Pro tip: Hibiscus tea is naturally tart. So, you might want to add honey, sugar, or another sweetener for flavor.

Some peeps also think hibiscus tea can actually trigger migraine symptoms. While there’s no research to back this up, you should still be mindful of dosages.

According to the National Library of Medicine, you should only drink 720 mL of tea daily for up to 6 weeks. Side effects aren’t common, but drinking too much hibiscus tea might cause:

  • gas
  • constipation
  • stomach upset

P.S. In very high doses, studies show hibiscus tea might lead to liver damage.

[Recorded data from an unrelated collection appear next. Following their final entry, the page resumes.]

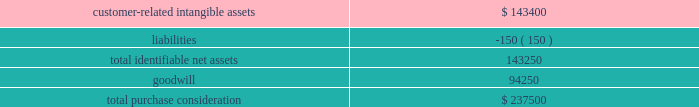Fis gaming business on june 1 , 2015 , we acquired certain assets of certegy check services , inc. , a wholly-owned subsidiary of fidelity national information services , inc .
( 201cfis 201d ) .
Under the purchase arrangement , we acquired substantially all of the assets of its gaming business related to licensed gaming operators ( the 201cfis gaming business 201d ) , including relationships with gaming clients in approximately 260 locations as of the acquisition date , for $ 237.5 million , funded from borrowings on our revolving credit facility and cash on hand .
We acquired the fis gaming business to expand our direct distribution and service offerings in the gaming market .
The estimated acquisition-date fair values of major classes of assets acquired and liabilities assumed , including a reconciliation to the total purchase consideration , were as follows ( in thousands ) : .
Goodwill arising from the acquisition , included in the north america segment , was attributable to an expected growth opportunities , including cross-selling opportunities at existing and acquired gaming client locations and operating synergies in the gaming business , and an assembled workforce .
Goodwill associated with this acquisition is deductible for income tax purposes .
The customer-related intangible assets have an estimated amortization period of 15 years .
Valuation of identified intangible assets for the acquisitions discussed above , the estimated fair values of customer-related intangible assets were determined using the income approach , which was based on projected cash flows discounted to their present value using discount rates that consider the timing and risk of the forecasted cash flows .
The discount rates used represented the average estimated value of a market participant 2019s cost of capital and debt , derived using customary market metrics .
Acquired technologies were valued using the replacement cost method , which required us to estimate the costs to construct an asset of equivalent utility at prices available at the time of the valuation analysis , with adjustments in value for physical deterioration and functional and economic obsolescence .
Trademarks and trade names were valued using the 201crelief-from-royalty 201d approach .
This method assumes that trademarks and trade names have value to the extent that their owner is relieved of the obligation to pay royalties for the benefits received from them .
This method required us to estimate the future revenues for the related brands , the appropriate royalty rate and the weighted-average cost of capital .
The discount rates used represented the average estimated value of a market participant 2019s cost of capital and debt , derived using customary market metrics .
Note 3 2014 revenues we are a leading worldwide provider of payment technology and software solutions delivering innovative services to our customers globally .
Our technologies , services and employee expertise enable us to provide a broad range of solutions that allow our customers to accept various payment types and operate their businesses more efficiently .
We distribute our services across a variety of channels to customers .
The disclosures in this note are applicable for the year ended december 31 , 2018 .
Global payments inc .
| 2018 form 10-k annual report 2013 79 .
What is the goodwill-to-assets ratio? 
Computations: (94250 / 143400)
Answer: 0.65725. 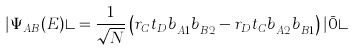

OK, so hibiscus tea may or may not be able to cure your migraines. But there’s a lot more science on its other potential benefits. Here’s the DL.

Blood pressure

There’s some research to suggest that hibiscus tea consumed on the reg can help lower both systolic and diastolic blood pressure.

Here’s a couple highlights:

  • A 2014 study found the tea was as effective at lowering blood pressure as a prescription medication called Captopril, but less effective than Lisinopril.
  • A 2015 found that hibiscus tea significantly lowered systolic and diabolic blood pressure in 225 out of 390 participants.
  • One small study found that drinking hibiscus tea reduces blood pressure in prehypertensive and mildly hypertensive adults.

P.S. Hibiscus tea is in a clinical trial phase as a potential treatment for hypertension. So hopefully, we’ll understand more about its perks in the near future.

Cholesterol and heart health

High blood pressure can strain the heart, weaken it, and lead to an increased risk of heart disease. So, it’s possible that hibiscus tea can have a positive impact on cholesterol and heart health, too. Here’s the deal.

  • Heads up, though: A 2013 review concluded that drinking hibiscus didn’t significantly decrease cholesterol levels.
  • A 2014 review covering a lot of clinical trials found that drinking hibiscus tea or consuming the extract boosted good cholesterol and lowered bad cholesterol.
  • Recent research found that regular hibiscus consumption could potentially reduce the risk of cardiovascular disease, but more research is needed to know for sure.

Weight management

A 2014 study found that consuming concentrated hibiscus extract helped participants lower BMI, body weight, body fat, and hip-to-waist ratio. But this is only one small study. We need a lot more research to show hibiscus tea can aid healthy, sustainable weight loss.

Hibiscus tea is generally considered safe to drink in moderation. However, a 2020 clinical trial report points out that there hasn’t been enough research to really understand the potential risks. That said, you should prob avoid hibiscus tea if you:

  • Take certain meds. Hibiscus tea might interact with meds for diabetes, high blood pressure, and malaria. So always check with your doc to be sure.
  • Have a surgery coming up. Since hibiscus might affect blood sugar levels, the pros advise against taking it within two weeks before a scheduled surgery.
  • Are pregnant or breastfeeding. The NIH says drinking hibiscus tea is potentially unsafe if you’re preggo or nursing.

There’s no strong evidence to suggest that hibiscus tea can cure your migraines or make them worse. Still, there’s a a bit of anecdotal research to show that hibiscus tea can lower blood pressure. Just be sure to talk to your doctor if you have chronic migraine. They can help you find a treatment plan that works for your unique needs.

So, there *could* be something there. If nothing else, hibiscus tea is healthy, tasty, and the science shows it’s a solid choice for your heart health.